Однажды днем она пришла домой со своим свертком работы. Гретхен, которой было почти тринадцать, помогла ей нести его и отпрянула, испугавшись, когда мастер подсунул палец ей под подбородок и кивнул, улыбаясь персиковому личику и огромным голубым глазам. Лотте страстно сбила его руку. Она знала лучше, чем Гретхен, что означала эта улыбка. Ребенок никогда не должен узнать, если она сможет этому помешать, и она не обратила внимания на злой взгляд, который последовал за ней к двери. Люди стояли у своих дверей, когда она медленно поднималась по лестнице, ее дыхание участилось, как теперь всегда бывало, когда она поднималась по ним.
«Бедняжка! — сказала одна из них. — Она мало знает, к чему идет».
«Was ist los?» — вскрикнула Лотте, когда дверь открылась, а затем закричала вслух, ибо дедушка лежал там на кровати, раздавленный и изуродованный, почти безмолвный, но слабо поднимающий одну руку, когда она бросилась к нему.

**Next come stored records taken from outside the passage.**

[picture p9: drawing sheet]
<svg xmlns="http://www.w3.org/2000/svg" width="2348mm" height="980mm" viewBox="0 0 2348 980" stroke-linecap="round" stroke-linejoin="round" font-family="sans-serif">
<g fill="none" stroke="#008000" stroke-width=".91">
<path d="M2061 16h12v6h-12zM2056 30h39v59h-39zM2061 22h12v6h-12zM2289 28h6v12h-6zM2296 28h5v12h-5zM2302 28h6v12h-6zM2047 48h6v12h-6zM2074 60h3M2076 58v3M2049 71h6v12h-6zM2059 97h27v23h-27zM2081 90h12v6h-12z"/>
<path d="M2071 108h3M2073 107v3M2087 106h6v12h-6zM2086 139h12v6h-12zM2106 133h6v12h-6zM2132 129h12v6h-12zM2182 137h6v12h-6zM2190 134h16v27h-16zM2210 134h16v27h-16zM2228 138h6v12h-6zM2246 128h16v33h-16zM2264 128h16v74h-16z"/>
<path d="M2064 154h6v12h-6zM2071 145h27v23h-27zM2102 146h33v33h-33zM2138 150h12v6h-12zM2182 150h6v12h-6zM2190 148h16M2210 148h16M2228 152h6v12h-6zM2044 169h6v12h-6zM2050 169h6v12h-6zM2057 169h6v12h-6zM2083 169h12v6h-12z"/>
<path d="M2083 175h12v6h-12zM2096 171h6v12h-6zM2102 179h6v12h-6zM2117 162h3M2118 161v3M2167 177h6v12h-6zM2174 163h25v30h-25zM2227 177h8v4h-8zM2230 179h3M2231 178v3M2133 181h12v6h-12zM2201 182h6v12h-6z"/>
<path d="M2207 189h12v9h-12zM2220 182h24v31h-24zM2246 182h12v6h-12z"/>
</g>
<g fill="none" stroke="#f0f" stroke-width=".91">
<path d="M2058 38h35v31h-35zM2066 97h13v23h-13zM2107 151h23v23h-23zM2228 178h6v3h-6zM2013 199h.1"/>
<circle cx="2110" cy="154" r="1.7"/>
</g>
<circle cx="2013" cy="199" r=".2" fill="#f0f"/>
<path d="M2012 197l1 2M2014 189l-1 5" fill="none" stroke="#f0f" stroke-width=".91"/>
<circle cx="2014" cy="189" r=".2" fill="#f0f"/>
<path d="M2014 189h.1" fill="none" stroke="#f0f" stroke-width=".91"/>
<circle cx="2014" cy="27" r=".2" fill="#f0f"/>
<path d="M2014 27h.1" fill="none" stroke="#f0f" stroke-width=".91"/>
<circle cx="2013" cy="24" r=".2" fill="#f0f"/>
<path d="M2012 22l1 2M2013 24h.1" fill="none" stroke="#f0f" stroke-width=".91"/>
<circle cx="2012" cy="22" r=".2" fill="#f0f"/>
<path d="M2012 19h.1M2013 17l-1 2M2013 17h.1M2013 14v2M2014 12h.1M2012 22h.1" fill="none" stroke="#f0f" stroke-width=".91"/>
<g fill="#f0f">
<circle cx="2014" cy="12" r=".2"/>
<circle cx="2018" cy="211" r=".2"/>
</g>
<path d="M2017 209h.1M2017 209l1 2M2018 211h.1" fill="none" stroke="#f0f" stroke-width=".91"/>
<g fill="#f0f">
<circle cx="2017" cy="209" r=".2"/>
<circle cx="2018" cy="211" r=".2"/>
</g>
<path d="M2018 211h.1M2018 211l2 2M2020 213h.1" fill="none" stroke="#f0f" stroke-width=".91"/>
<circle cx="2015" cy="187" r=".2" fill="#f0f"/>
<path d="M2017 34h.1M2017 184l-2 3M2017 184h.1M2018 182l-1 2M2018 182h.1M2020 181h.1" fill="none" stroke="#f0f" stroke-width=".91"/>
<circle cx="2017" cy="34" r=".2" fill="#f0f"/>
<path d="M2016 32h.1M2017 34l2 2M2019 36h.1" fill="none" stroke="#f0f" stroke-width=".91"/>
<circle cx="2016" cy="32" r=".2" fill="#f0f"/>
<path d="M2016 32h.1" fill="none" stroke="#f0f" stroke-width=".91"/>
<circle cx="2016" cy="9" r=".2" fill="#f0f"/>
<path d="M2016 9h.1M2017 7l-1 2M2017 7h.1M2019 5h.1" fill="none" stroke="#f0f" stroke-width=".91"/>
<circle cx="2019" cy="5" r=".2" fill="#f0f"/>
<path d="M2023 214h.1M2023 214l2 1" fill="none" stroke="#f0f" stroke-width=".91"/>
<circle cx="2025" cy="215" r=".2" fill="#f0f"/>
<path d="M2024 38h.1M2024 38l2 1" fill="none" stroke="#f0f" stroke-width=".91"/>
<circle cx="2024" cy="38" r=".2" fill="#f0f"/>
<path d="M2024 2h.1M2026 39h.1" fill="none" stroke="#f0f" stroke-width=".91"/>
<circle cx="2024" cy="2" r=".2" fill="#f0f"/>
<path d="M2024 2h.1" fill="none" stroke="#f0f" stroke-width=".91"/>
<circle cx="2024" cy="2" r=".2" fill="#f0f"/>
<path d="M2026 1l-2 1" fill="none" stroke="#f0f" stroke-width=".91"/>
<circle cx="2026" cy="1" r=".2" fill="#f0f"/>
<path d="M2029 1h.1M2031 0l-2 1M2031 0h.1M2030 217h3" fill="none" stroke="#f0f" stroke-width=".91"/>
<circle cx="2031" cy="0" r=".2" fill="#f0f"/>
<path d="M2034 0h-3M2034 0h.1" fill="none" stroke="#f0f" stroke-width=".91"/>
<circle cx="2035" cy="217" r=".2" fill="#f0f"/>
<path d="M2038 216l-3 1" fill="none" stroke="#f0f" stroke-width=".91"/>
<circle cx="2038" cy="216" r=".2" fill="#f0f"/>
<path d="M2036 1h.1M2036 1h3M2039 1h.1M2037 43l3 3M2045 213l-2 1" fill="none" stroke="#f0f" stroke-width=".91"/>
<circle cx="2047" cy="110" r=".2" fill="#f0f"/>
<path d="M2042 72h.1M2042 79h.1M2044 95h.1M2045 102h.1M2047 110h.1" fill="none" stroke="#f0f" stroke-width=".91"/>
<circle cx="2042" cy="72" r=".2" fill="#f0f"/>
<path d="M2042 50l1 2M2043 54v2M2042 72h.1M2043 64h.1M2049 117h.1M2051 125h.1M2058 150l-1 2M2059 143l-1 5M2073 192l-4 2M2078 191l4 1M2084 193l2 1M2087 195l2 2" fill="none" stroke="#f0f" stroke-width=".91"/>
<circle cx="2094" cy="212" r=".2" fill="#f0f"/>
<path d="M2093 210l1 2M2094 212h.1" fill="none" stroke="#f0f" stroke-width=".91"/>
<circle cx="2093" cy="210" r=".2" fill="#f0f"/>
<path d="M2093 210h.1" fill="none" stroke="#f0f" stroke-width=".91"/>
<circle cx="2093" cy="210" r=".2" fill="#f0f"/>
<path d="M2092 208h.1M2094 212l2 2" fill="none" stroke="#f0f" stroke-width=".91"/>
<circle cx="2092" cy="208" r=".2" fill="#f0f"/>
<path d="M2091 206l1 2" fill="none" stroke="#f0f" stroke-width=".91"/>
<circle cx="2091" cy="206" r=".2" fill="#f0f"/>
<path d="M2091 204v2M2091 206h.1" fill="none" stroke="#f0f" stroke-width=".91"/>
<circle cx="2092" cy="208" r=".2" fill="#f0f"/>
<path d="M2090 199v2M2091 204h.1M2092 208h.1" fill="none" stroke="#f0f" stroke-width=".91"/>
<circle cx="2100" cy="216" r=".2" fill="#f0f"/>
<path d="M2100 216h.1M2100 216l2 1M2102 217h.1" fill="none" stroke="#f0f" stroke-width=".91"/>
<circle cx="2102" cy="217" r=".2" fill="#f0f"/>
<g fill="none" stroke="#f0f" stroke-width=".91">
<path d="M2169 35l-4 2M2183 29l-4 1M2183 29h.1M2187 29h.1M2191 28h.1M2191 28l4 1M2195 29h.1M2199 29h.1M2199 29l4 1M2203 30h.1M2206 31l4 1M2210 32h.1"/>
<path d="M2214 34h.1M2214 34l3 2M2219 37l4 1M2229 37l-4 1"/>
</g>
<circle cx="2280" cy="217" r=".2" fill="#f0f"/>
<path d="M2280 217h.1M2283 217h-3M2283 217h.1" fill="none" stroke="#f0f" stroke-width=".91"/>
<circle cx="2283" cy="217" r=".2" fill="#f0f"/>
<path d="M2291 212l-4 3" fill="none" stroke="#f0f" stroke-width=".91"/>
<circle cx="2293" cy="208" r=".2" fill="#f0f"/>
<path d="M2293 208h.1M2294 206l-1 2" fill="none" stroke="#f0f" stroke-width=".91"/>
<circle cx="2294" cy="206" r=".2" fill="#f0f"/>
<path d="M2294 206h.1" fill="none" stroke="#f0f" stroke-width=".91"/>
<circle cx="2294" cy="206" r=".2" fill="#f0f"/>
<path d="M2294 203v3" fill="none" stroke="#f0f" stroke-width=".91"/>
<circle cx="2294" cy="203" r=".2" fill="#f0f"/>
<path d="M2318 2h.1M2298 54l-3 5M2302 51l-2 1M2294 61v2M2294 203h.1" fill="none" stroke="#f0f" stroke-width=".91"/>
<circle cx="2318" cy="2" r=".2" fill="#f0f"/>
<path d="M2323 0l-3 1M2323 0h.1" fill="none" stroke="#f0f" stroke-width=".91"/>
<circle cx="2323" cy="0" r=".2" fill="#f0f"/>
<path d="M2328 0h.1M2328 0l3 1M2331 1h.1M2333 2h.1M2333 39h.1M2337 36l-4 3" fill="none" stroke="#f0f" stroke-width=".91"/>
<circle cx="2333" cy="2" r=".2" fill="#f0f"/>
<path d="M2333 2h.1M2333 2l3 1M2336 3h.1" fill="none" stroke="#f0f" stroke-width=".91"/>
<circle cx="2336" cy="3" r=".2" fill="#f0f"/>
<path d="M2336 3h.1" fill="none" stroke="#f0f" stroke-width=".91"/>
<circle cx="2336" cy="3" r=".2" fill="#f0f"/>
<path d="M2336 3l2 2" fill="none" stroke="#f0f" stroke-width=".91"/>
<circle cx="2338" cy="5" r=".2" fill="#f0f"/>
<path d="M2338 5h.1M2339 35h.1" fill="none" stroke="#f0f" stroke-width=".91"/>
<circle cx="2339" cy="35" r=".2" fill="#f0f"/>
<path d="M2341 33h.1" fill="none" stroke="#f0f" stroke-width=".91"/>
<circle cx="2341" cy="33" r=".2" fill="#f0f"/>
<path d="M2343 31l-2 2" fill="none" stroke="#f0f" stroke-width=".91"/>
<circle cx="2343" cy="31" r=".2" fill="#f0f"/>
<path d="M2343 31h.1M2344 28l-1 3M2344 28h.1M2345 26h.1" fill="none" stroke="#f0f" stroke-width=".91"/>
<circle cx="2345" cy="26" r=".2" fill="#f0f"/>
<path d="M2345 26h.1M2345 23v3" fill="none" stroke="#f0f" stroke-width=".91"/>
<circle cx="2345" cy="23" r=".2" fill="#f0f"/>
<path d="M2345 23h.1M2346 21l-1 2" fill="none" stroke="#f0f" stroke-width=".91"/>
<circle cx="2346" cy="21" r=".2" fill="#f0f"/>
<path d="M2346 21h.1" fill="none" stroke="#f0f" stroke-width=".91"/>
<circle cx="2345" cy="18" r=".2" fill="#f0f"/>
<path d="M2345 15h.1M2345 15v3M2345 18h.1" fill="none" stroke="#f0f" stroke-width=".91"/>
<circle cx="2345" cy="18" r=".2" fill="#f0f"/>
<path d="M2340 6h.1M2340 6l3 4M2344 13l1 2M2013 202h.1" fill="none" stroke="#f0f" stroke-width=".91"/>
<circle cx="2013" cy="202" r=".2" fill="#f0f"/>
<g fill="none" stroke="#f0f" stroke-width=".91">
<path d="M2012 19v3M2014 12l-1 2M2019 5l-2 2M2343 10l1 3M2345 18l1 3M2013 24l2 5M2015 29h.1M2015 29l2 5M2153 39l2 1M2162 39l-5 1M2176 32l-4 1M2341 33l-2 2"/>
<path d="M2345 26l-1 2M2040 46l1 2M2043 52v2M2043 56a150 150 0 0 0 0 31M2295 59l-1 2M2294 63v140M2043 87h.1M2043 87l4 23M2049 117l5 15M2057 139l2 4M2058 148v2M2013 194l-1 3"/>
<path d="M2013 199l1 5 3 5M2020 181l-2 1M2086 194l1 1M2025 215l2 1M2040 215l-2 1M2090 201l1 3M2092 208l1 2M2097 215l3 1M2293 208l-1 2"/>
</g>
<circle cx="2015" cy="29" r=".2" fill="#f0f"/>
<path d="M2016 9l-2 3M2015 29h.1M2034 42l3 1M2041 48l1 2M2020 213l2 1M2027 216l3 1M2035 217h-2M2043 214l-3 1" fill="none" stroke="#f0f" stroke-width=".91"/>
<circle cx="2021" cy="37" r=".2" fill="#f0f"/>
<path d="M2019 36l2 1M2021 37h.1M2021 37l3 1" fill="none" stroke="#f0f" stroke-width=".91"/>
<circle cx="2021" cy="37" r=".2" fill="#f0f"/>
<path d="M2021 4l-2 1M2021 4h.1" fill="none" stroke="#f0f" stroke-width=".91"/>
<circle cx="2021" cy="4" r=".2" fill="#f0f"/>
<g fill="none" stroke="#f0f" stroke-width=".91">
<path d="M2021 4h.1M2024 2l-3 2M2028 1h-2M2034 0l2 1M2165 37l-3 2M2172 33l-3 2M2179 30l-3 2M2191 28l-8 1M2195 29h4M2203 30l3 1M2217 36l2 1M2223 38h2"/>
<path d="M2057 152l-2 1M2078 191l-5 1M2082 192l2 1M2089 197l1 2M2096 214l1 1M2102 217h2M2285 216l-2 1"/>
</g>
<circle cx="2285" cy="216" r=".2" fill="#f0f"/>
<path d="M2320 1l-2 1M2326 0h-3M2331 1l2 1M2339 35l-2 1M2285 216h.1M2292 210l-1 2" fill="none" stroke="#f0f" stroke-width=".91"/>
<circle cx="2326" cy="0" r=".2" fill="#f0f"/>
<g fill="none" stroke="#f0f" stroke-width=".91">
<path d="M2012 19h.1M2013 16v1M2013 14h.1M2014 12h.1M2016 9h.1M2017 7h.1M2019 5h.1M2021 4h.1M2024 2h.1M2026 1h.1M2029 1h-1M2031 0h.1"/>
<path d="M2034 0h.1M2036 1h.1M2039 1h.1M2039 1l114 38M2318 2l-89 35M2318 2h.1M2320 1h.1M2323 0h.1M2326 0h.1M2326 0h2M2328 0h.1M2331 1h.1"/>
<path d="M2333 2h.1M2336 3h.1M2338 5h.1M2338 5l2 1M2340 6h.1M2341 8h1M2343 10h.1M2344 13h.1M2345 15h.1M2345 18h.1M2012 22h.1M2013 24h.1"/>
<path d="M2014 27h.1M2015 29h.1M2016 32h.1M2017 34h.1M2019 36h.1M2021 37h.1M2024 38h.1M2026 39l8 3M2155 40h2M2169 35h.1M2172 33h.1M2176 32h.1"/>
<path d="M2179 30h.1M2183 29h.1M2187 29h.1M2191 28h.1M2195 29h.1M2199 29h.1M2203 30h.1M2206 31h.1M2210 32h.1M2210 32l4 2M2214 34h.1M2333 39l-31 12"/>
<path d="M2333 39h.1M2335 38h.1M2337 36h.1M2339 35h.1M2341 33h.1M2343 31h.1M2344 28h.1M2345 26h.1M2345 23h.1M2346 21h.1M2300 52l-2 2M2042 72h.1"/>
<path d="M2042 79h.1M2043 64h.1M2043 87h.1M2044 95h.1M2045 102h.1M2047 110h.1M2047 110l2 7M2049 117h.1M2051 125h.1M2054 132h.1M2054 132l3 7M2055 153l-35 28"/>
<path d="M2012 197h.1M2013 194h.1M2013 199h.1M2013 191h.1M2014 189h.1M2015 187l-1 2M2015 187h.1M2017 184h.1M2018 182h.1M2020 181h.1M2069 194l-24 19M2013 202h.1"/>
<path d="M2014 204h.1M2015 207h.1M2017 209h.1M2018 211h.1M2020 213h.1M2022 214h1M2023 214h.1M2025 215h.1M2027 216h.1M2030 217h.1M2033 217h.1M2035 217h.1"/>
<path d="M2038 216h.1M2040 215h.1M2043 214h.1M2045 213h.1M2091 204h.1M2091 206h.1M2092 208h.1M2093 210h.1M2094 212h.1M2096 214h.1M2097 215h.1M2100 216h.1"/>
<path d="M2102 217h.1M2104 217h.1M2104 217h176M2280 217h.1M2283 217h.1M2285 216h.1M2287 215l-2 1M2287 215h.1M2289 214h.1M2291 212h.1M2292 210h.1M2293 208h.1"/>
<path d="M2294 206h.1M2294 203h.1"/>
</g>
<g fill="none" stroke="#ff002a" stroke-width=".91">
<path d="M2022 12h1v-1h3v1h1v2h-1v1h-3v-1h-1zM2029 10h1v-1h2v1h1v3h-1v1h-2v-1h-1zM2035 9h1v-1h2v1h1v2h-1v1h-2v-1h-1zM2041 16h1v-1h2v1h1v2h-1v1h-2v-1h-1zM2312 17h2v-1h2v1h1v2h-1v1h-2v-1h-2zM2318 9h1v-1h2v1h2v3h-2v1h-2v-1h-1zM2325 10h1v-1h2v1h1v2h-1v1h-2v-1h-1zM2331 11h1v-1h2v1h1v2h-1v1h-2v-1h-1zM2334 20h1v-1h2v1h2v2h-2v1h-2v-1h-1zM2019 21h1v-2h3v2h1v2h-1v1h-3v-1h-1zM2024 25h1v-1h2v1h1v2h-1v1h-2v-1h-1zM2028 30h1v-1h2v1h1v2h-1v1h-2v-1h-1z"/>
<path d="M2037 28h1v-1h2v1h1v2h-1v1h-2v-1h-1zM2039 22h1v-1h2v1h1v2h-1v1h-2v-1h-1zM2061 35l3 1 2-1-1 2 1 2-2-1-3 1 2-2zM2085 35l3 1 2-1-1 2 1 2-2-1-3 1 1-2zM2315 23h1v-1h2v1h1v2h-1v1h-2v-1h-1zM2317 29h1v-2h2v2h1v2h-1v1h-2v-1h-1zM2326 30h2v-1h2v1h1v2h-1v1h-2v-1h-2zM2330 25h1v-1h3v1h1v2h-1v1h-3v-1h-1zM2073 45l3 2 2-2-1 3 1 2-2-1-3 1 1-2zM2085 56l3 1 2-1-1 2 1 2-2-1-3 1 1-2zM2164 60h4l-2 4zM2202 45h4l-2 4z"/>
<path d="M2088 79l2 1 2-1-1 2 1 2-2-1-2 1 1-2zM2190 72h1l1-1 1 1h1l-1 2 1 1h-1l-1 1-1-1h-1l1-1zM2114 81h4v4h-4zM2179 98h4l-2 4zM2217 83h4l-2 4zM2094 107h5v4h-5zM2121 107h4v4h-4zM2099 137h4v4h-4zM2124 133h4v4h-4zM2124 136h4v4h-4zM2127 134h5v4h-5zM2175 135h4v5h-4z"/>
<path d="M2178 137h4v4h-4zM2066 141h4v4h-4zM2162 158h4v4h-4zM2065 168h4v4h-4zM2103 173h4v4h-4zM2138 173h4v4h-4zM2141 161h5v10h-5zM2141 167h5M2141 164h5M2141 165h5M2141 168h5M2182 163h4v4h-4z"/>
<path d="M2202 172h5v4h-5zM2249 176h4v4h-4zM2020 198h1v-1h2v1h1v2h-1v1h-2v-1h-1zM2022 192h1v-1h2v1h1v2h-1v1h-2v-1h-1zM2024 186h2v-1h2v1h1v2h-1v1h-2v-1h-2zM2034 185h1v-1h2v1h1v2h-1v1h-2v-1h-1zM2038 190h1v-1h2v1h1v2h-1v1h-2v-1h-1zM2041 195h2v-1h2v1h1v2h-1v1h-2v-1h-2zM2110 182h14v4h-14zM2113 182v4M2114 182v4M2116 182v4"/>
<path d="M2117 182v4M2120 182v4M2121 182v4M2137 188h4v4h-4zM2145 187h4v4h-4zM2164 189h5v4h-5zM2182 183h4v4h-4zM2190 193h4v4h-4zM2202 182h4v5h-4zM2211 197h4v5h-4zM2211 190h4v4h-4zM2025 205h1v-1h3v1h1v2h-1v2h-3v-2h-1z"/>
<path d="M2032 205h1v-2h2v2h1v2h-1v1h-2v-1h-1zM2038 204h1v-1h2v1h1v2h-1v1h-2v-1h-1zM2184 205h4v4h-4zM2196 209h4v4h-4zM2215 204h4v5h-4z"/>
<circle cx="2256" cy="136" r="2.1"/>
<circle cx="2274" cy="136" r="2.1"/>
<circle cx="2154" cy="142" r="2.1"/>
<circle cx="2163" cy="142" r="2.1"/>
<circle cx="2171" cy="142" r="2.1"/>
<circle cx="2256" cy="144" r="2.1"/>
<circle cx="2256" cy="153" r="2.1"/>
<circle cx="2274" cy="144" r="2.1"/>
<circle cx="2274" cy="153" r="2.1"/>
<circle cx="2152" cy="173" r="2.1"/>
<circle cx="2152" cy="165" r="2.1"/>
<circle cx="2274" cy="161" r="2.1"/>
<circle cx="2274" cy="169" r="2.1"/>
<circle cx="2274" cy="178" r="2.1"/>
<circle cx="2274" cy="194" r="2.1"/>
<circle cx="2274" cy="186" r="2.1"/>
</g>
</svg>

«Бочка из-под сахара, — сказал кто-то. — Она покатилась на него, когда он думал, что она устойчива, и потянула за собой несколько бочек. Ему уже не помочь. Пусть святые сжалятся над бедными детьми! Его принесли сюда, но что вы будете с ним делать?»
«К утру ничего не останется делать, — сказал другой. — Разве не видите, он уходит?» Но к утру никаких перемен не произошло, и много утр спустя тоже. Раны и ушибы медленно заживали, но, кроме одной руки, которая двигалась к ней, не было никаких признаков жизни. Сильное тело, скованное параличом, могло оставаться таким годами, и Лотте должна была зарабатывать на него и на всех. Даже тогда жизнь могла быть возможна, ибо Гретхен имела место в качестве кассира и зарабатывала два доллара в неделю, а Лизе обещали одно после Нового года. Но это была тяжелая зима. Они ели только то, что должны были, и голубые глаза Лотте смотрели из впалых глазниц, и она дрожала от холода. Зарплата упала, и она падала все быстрее и быстрее, пока к январю ее десяти- и двенадцатичасовая работа не приносила ей всего шесть долларов вместо восьми или девяти, которые она всегда зарабатывала. Мастер, которого она ненавидела, делал все как можно труднее. Хотя сверток приходил готовым из раскройного цеха, он умудрялся не раз вытащить какую-то важную деталь и тем самым уменьшал ее недельный заработок, так как цена не выплачивалась, если одежда возвращалась незаконченной. Он часто делал это, когда девушки отказывали в его ухаживаниях, однако жаловаться было невозможно. Большой дом на Канал-стрит оставлял эти дела полностью на его усмотрение и рассматривал жалобы как простое вымогательство. Лотте пробовала другие места, но зарплата была еще меньше. Она была уверена в работе здесь, и плата была быстрой. С весной дела должны были стать лучше. Но задолго до весны Лизе заболела и умерла, и Лотте похоронила ее на кладбище для бедных и поспешила домой, чтобы наверстать упущенное время и успокоить плачущих малышей, как могла. Ей не приходило в голову, что она может написать Аннхен и попросить помощи, а Франц поссорился с ней, потому что она не поместила дедушку в больницу и не отправила детей в какой-нибудь приют.